UK releases ‘US torture evidence’

Binyam Mohamed said he was tortured in US custody following his arrest in Pakistan

February 10, 2010

A British court has
ordered the government to disclose classified information about the
treatment of a former Guantanamo Bay detainee who said he was tortured
in US custody.

The information, contained in
seven paragraphs redacted from a high court judgement, described the
treatment of Binyam Mohamed by US authorities as "at the very least
cruel, inhuman and degrading".

It was released after judges at
an appeals court on Wednesday rejected the UK government’s claim that
disclosing the information would damage intelligence co-operation with
US agencies.

Mohamed was arrested in Pakistan
in April 2002, after which he says he was flown by the CIA to Morocco
and held for 18 months, where he says he was tortured. Morocco has
denied holding him.

‘Significant mental stress’

The redacted paragraphs
summarise an American account of Mohamed’s treatment by US authorities
before he was interviewed by a British intelligence agent in May 2002.

"It is
clear from these seven paragraphs that our authorities knew very well
what was happening to Mr Mohamed. Our hands are very dirty indeed"

Shami Chakrabarti

report that Mohamed had been "intentionally subjected to continuous
sleep deprivation" and "threats and inducements were made to him".

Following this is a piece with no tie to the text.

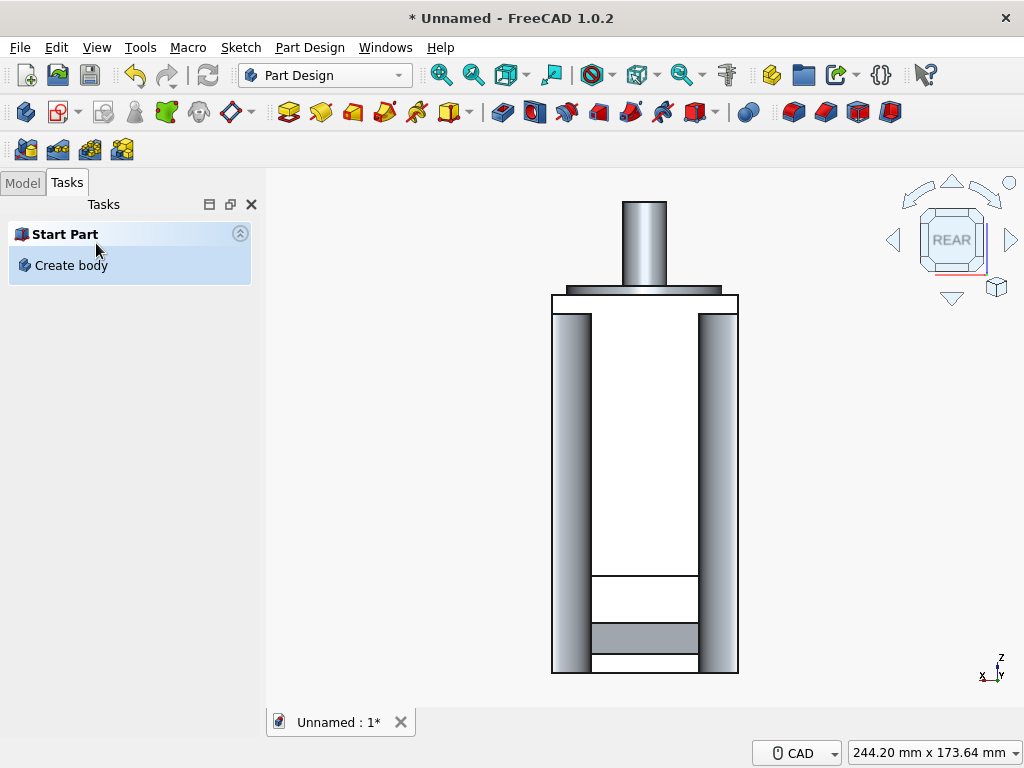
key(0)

"His fears of being removed from United States custody and ‘disappearing’ were played upon," the information says.

The interviews by US
authorities, in which he was sometimes shackled, caused him
"significant mental stress and suffering", it said.

The text said that the treatment
would have been "in breach of the undertakings given by the United
Kingdom in 1972" if administered in Britain.

"Although it is not necessary
for us to categorise the treatment reported, it could readily be
contended to be at the very least cruel, inhuman and degrading
treatment by the United States authorities," it said.

David Miliband, Britain’s
foreign secretary, had argued that full disclosure of the information
could lead to reduced intelligence-sharing with the US and
prejudice Britain’s national security.

But in a statement following the ruling, Miliband said there would not be an appeal.

‘Resounding victory’

Lawyers for Mohamed said the decision was a "resounding victory for freedom of speech".

They had long claimed the secret
paragraphs prove he was mistreated and that the US and British
governments were complicit in his abuse.

Mohamed, 31, says he was tortured in Pakistan, and that interrogators in Morocco
beat him, deprived him of sleep and sliced his genitals with a scalpel.

He was later transferred to the US prison facility at Guantanamo Bay in Cuba before being released in February last year.

Shami Chakrabarti, the director
of the rights group Liberty, said a "full and broad" public inquiry
into British complicity in torture is needed in light of the
information contained in the newly released paragraphs.

"It shows the British
authorities knew far more than they let on about Binyam Mohamed and how
he was tortured in US custody," she said.

"It is clear from these seven
paragraphs that our authorities knew very well what was happening to Mr
Mohamed. Our hands are very dirty indeed."

MI5 has said it did not know Mohamed was being tortured, or held in Morocco.